Islam sebagai doktrin dan tindakan pembebasan telah mendorong dan mengilhami mayoritas penduduk nusantara untuk melawan penjajahan demi mempertahankan kemerdekaan, jauh sebelum nasionalisme dikenal orang. Sejumlah perlawanan yang melibatkan kaum Muslimin terhadap sistem kolonial dalam skala besar terjadi pada abad ke-19. Perang Padri (1821-1837), perang Diponegoro (1825-1830), perang Aceh (1872-1912), dan banyak yang lain, adalah di antara bentuk perlawanan yang berskala besar itu dengan korban yang sangat besar pula pada pihak-pihak yang bertarung. Ini semua dijiwai oleh semangat keislaman mereka.

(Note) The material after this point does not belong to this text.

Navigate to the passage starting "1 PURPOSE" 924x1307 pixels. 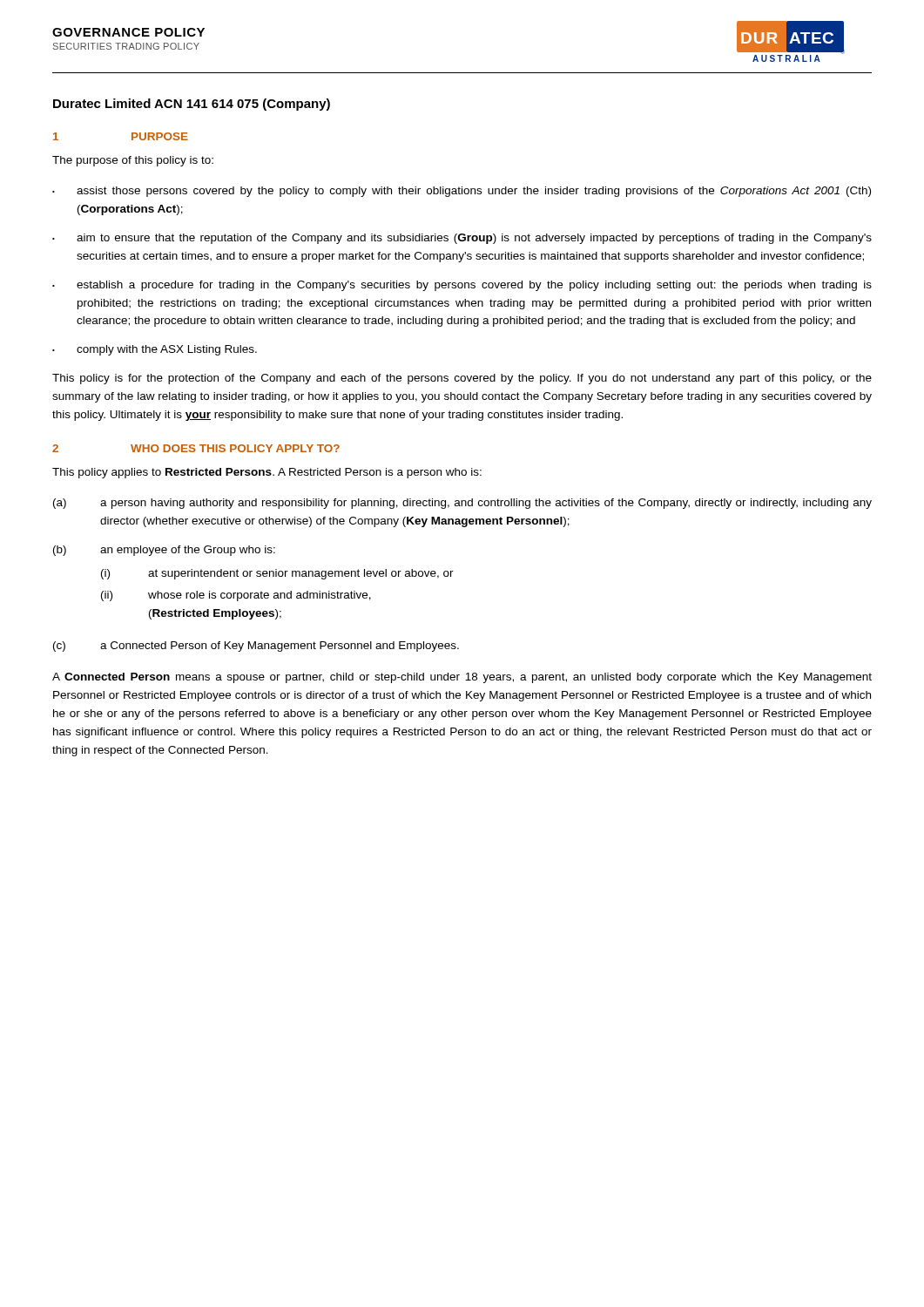pyautogui.click(x=120, y=136)

Realitas sejarah ini, juga pernah disampaikan oleh Ki Bagoes Hadikusuma, Ketua HB Muhammadiyah saat itu, di Sidang Badan Penyelidik Usaha-usaha Persiapan Kemerdekaan Indonesia (BPUPKI). Menurutnya, di mana gerakan-gerakan perlawanan terhadap kolonial Belanda di berbagai wilayah Indonesia hampir selalu dipimpin tokoh-tokoh Islam, seperti Diponegoro, Teuku Umar, Imam Bonjol, Sultan Hasanudin, dan lain lain yang mendasarkan perjuangannya atas ajaran Islam.
Semangat inilah yang terus tumbuh dan kemudian memunculkan nasionalisme Indonesia. Nasionalisme Indonesia bertujuan untuk meruntuhkan sistem kolonialisme dan imperialisme dalam bentuk apa pun dan dari mana pun asalnya. Alinea pertama UUD (Undang-Undang Dasar) 1945 menegaskan rumusan kepercayaan dan tindakan itu sebagai berikut: “Bahwa sesungguhnya kemerdekaan itu ialah hak segala bangsa dan oleh sebab itu, maka penjajahan di atas dunia harus dihapuskan karena tidak sesuai dengan perikemanusiaan dan perikeadilan.”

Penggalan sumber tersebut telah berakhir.